What is expected:
Produce a verbatim transcription of the entries, with all pictures omitted.

Exercise data:
====
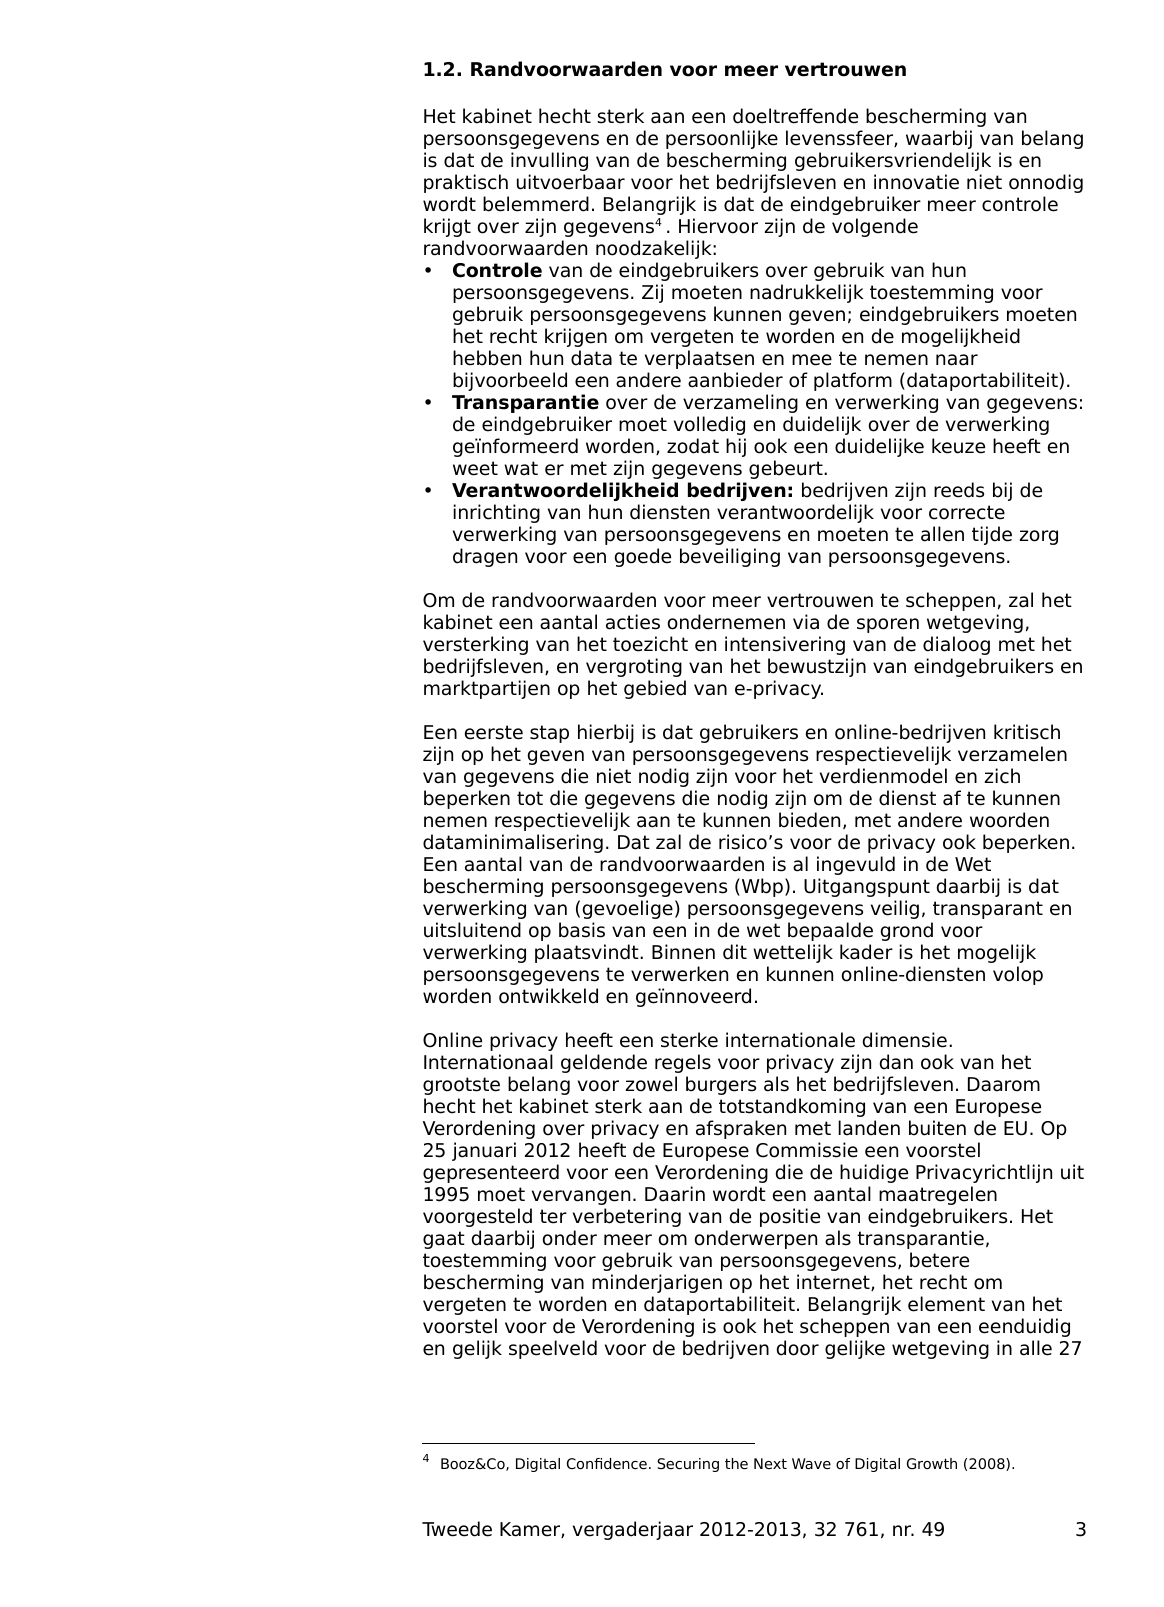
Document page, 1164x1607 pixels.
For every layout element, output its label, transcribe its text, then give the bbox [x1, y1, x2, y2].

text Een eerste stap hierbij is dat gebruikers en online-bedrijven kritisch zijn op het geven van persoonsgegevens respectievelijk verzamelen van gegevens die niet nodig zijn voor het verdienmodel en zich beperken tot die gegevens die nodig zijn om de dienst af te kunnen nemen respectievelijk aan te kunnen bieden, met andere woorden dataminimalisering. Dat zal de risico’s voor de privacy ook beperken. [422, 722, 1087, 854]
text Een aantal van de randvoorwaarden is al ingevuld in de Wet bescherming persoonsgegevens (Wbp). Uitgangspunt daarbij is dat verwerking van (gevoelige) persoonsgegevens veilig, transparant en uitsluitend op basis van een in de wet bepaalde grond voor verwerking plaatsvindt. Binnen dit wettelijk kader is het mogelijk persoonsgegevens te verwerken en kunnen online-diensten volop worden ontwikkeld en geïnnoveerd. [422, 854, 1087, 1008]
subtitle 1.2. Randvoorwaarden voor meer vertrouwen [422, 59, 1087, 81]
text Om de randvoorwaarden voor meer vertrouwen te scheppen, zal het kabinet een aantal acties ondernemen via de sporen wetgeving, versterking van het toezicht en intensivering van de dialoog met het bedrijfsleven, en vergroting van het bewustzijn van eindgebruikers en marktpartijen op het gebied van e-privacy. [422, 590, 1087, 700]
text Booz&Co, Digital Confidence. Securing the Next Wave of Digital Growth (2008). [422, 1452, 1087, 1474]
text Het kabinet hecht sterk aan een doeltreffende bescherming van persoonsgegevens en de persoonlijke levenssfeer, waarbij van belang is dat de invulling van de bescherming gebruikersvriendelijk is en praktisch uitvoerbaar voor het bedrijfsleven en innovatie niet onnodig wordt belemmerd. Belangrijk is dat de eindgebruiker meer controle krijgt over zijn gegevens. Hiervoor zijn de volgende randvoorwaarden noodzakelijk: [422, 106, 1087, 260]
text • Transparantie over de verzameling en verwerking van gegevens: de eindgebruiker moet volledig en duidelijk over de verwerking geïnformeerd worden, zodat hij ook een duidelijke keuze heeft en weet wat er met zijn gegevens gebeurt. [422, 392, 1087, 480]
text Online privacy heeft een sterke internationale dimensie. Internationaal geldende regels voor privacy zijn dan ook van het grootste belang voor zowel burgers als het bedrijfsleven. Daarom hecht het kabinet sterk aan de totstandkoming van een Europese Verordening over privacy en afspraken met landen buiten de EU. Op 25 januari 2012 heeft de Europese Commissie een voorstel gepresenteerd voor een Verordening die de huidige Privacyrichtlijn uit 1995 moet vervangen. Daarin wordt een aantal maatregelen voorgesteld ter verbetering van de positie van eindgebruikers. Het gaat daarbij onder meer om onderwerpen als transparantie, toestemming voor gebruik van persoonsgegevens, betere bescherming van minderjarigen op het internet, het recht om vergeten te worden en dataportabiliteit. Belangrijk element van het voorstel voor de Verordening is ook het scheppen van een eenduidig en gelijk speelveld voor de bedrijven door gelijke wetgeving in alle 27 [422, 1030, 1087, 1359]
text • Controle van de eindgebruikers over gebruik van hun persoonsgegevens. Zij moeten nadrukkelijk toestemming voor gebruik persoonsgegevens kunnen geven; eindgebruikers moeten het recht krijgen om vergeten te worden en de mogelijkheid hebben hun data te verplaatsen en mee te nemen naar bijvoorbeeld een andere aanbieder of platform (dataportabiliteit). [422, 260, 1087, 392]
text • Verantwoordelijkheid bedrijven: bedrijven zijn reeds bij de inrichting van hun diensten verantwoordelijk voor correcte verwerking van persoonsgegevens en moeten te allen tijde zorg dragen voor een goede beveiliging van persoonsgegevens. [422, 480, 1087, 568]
====
Solution to this exercise:
Document page, 1164x1607 pixels.
For every layout element, output its label, transcribe its text, then give the bbox [x1, y1, x2, y2].

text Een eerste stap hierbij is dat gebruikers en online-bedrijven kritisch zijn op het geven van persoonsgegevens respectievelijk verzamelen van gegevens die niet nodig zijn voor het verdienmodel en zich beperken tot die gegevens die nodig zijn om de dienst af te kunnen nemen respectievelijk aan te kunnen bieden, met andere woorden dataminimalisering. Dat zal de risico’s voor de privacy ook beperken. [422, 722, 1087, 854]
text Een aantal van de randvoorwaarden is al ingevuld in de Wet bescherming persoonsgegevens (Wbp). Uitgangspunt daarbij is dat verwerking van (gevoelige) persoonsgegevens veilig, transparant en uitsluitend op basis van een in de wet bepaalde grond voor verwerking plaatsvindt. Binnen dit wettelijk kader is het mogelijk persoonsgegevens te verwerken en kunnen online-diensten volop worden ontwikkeld en geïnnoveerd. [422, 854, 1087, 1008]
subtitle 1.2. Randvoorwaarden voor meer vertrouwen [422, 59, 1087, 81]
text Om de randvoorwaarden voor meer vertrouwen te scheppen, zal het kabinet een aantal acties ondernemen via de sporen wetgeving, versterking van het toezicht en intensivering van de dialoog met het bedrijfsleven, en vergroting van het bewustzijn van eindgebruikers en marktpartijen op het gebied van e-privacy. [422, 590, 1087, 700]
text Booz&Co, Digital Confidence. Securing the Next Wave of Digital Growth (2008). [422, 1452, 1087, 1474]
text Het kabinet hecht sterk aan een doeltreffende bescherming van persoonsgegevens en de persoonlijke levenssfeer, waarbij van belang is dat de invulling van de bescherming gebruikersvriendelijk is en praktisch uitvoerbaar voor het bedrijfsleven en innovatie niet onnodig wordt belemmerd. Belangrijk is dat de eindgebruiker meer controle krijgt over zijn gegevens. Hiervoor zijn de volgende randvoorwaarden noodzakelijk: [422, 106, 1087, 260]
text • Transparantie over de verzameling en verwerking van gegevens: de eindgebruiker moet volledig en duidelijk over de verwerking geïnformeerd worden, zodat hij ook een duidelijke keuze heeft en weet wat er met zijn gegevens gebeurt. [422, 392, 1087, 480]
text Online privacy heeft een sterke internationale dimensie. Internationaal geldende regels voor privacy zijn dan ook van het grootste belang voor zowel burgers als het bedrijfsleven. Daarom hecht het kabinet sterk aan de totstandkoming van een Europese Verordening over privacy en afspraken met landen buiten de EU. Op 25 januari 2012 heeft de Europese Commissie een voorstel gepresenteerd voor een Verordening die de huidige Privacyrichtlijn uit 1995 moet vervangen. Daarin wordt een aantal maatregelen voorgesteld ter verbetering van de positie van eindgebruikers. Het gaat daarbij onder meer om onderwerpen als transparantie, toestemming voor gebruik van persoonsgegevens, betere bescherming van minderjarigen op het internet, het recht om vergeten te worden en dataportabiliteit. Belangrijk element van het voorstel voor de Verordening is ook het scheppen van een eenduidig en gelijk speelveld voor de bedrijven door gelijke wetgeving in alle 27 [422, 1030, 1087, 1359]
text • Controle van de eindgebruikers over gebruik van hun persoonsgegevens. Zij moeten nadrukkelijk toestemming voor gebruik persoonsgegevens kunnen geven; eindgebruikers moeten het recht krijgen om vergeten te worden en de mogelijkheid hebben hun data te verplaatsen en mee te nemen naar bijvoorbeeld een andere aanbieder of platform (dataportabiliteit). [422, 260, 1087, 392]
text • Verantwoordelijkheid bedrijven: bedrijven zijn reeds bij de inrichting van hun diensten verantwoordelijk voor correcte verwerking van persoonsgegevens en moeten te allen tijde zorg dragen voor een goede beveiliging van persoonsgegevens. [422, 480, 1087, 568]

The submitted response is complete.